America’s major military assets are deterring Chinese and Russian military ambitions elsewhere and redeploying them to support SOUTHCOM would further deteriorate America’s force projection capabilities.

Proof of the dichotomy between SOUTHCOM’s stated mission and Donald Trump’s rhetoric of a crisis on the border or in Venezuela is best proved by the recent disarming of two U.S. soldiers on the border by Mexican military personal on the United States side of the border.

The two American soldiers “tactically” disarmed by Mexican soldiers before the two U.S. soldiers could push the emergency button to summon help in an emergency. By the time the two American soldiers realized that the Mexicans were there, they were disarmed and ordered out of their vehicle.

Donald Trump argues that the “dangerous” border situation demands that the military be deployed. There are around 3,000 military personnel currently at the border. But the rules under which the military is operating on the border limits their ability to use weapons because it is operating as a “humanitarian” mission.

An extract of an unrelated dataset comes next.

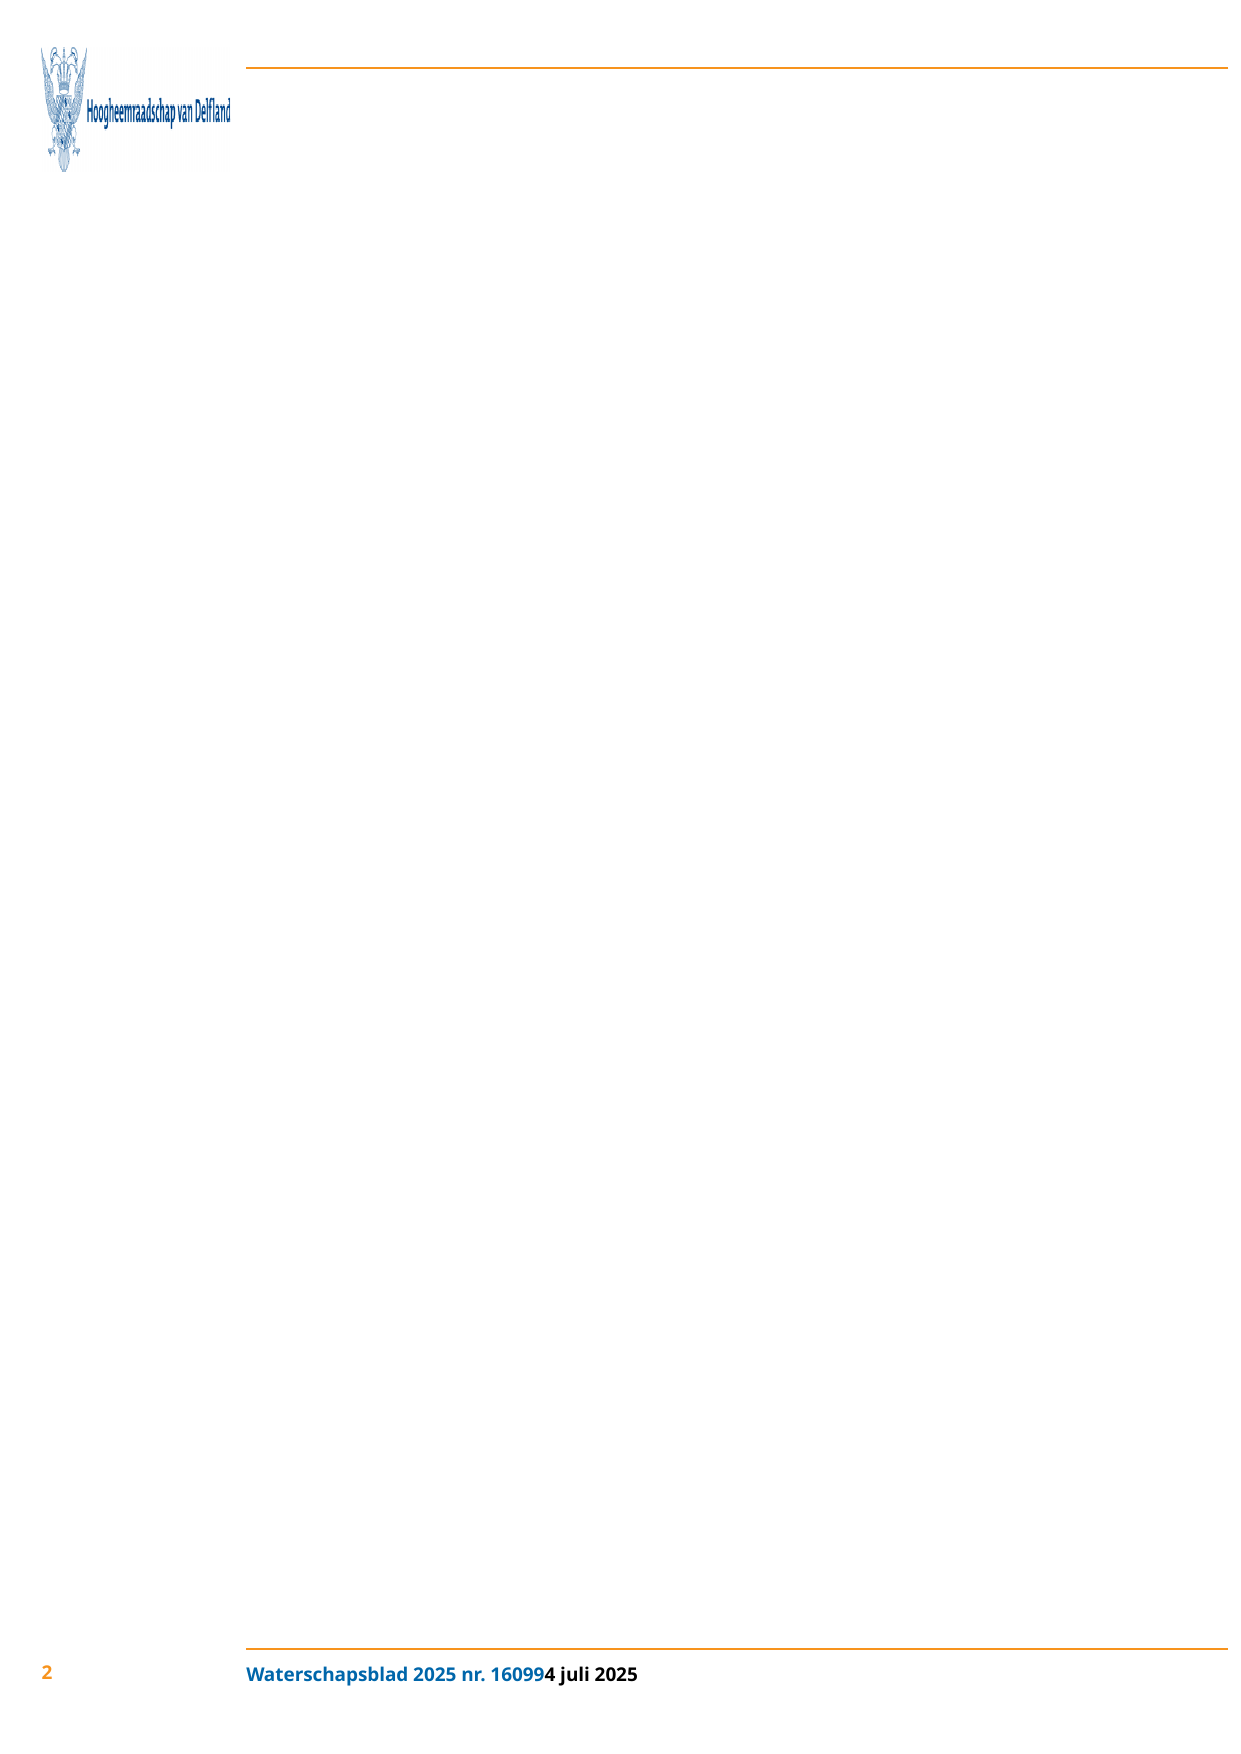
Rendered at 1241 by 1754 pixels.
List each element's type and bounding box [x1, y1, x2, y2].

picture [41, 47, 231, 172]

NORTHCOM has ruled that there is no military threat on the U.S.-México border.

In other words, two American soldiers were disarmed by the Mexican military because they are operating in support of civilian forces instead of on a homeland defense mission.

Trump’s political rhetoric has created an ambiguous mission for the soldiers on the border because he lies for political purposes putting American soldiers in dangerous situations that they are not prepared to respond to appropriately.

While SOUTHCOM tries to build relationships within its sphere of influence to deal with China, Iran, Russia and Venezuela, Donald Trump continues to endanger American troops with his continued lies.